The conventional way to choose a base model is to read the leaderboards, run the evals on your own tasks, and pick the strongest. We did that. It is a useful exercise. It is also not what determined the choice.

What determined the choice was a question we kept coming back to whenever the conversation about model strategy reached a hard part: whose property is the model after we have finished improving it? Every other question was downstream of this one.

The frontier closed-weight models — call them Claude, GPT, Kimi — are excellent. They are also rented. You do not fine-tune them on your data, you do not run them in your data center, and the version you bet on can be deprecated at the vendor's pace, not yours. There is real value in renting the best, especially early. There is also a ceiling on what you can build, because at some point you will want to do something the API does not let you do, and at that point the ceiling becomes the floor.

The strong open-weight models — DeepSeek, Mixtral, Llama, Qwen — let you cross that ceiling. They are not all equivalent. The license matters; the architecture matters; the family matters most.

What we considered

DeepSeek shipped impressive coder and reasoning models on permissive licenses. We ran them. They are good. Our hesitation was about pace and continuity: a strong DeepSeek-2 does not promise a stronger DeepSeek-3 in any particular direction, and our fine-tunes are tied to a tokenizer and an architecture that we would have to re-do every time the underlying family pivots.

Kimi and other commercial-API offerings are closed. We discussed using them as cloud fallbacks, and that role we still endorse. They could not be the foundation of work we wanted to own.

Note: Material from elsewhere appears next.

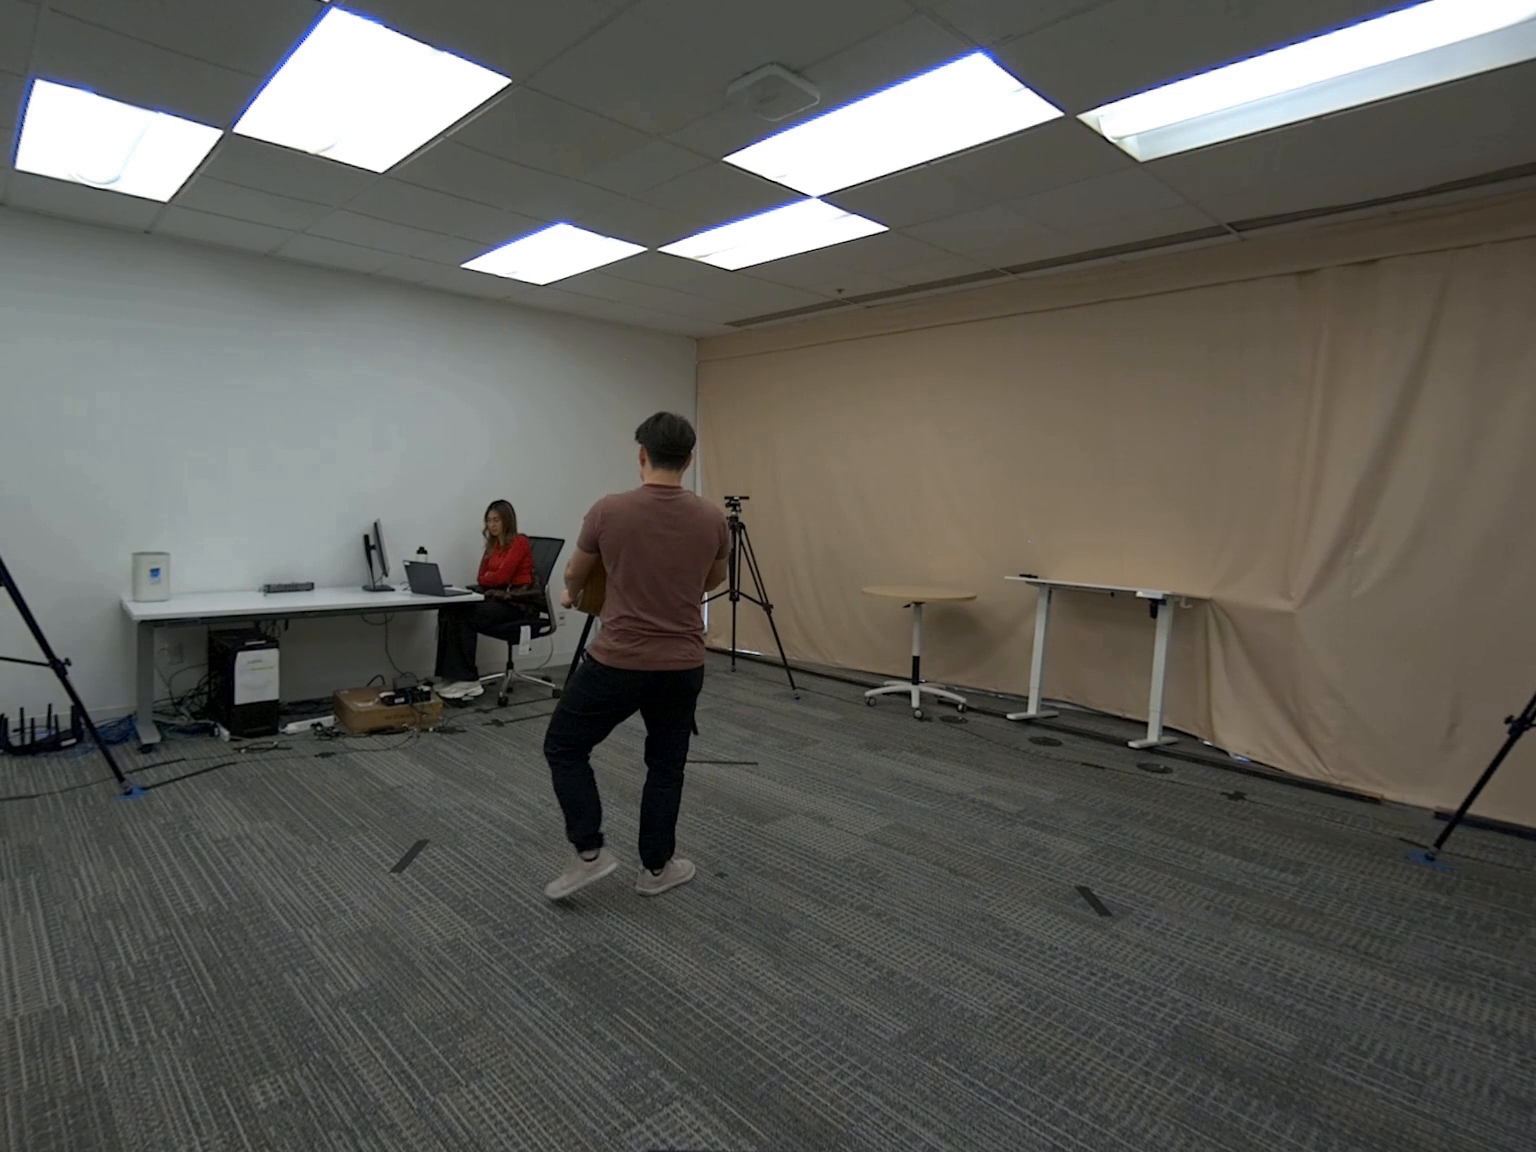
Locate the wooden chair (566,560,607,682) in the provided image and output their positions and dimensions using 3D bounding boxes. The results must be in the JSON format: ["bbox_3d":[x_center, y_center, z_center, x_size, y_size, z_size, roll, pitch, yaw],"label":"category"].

Mixtral and Llama were on the table for a long time. The deciding factor was multimodality — we needed vision and audio in the same family, with the same tokenizer, on the same release cadence. Llama 3 is excellent at text; we were not going to glue together three different vendors for the rest of the stack.

Qwen3 won, and the reasons read more like infrastructure than like benchmarks. Apache 2.0 across the family. Open weights for every variant we cared about — chat, reasoning, vision, audio, embedding, reranking. Tokenizer compatibility across all of them, which means our fine-tuning data does not need to be re-tokenized when we move between sizes. A single research org with clear release cadence. And, importantly, an architecture we believe will accept the next generation of optimizations — quantization, expert routing, long-context training — without forcing us to start over.

The downside, honestly

Qwen3 is not the strongest single-task model on every benchmark. Claude is better at long-form writing. GPT is better at certain kinds of code. There are tasks where, all else equal, we would rather have a frontier closed model than a Qwen3 fine-tune.

We accept this. The fine-tunes we are training on Qwen3-8B and Qwen3-32B are ours. They run on our hardware. They cost what they cost to run, not what someone decides to charge for them next quarter. They will exist when this round of API providers has rotated out their generation, and they will have absorbed whatever specialized training we did on them over years rather than months.

The decision is not "Qwen3 is the best model." It is "Qwen3 is the model we can compound improvements on."

The principle

There is a temptation, in a fast-moving field, to chase the best model released this week. You will be wrong about which one is best more often than your benchmarks suggest, and even when you are right, you will be replacing it inside a year. A strong base model is a starting point; what matters is the curve along which your version of it improves.

We bet on one family. We bet on owning the fine-tunes. The bet is not that Qwen3 will always be the strongest model; the bet is that our version of Qwen3, six versions in, will be the strongest model for the things we ship.

That is a slower bet. It is also a more durable one.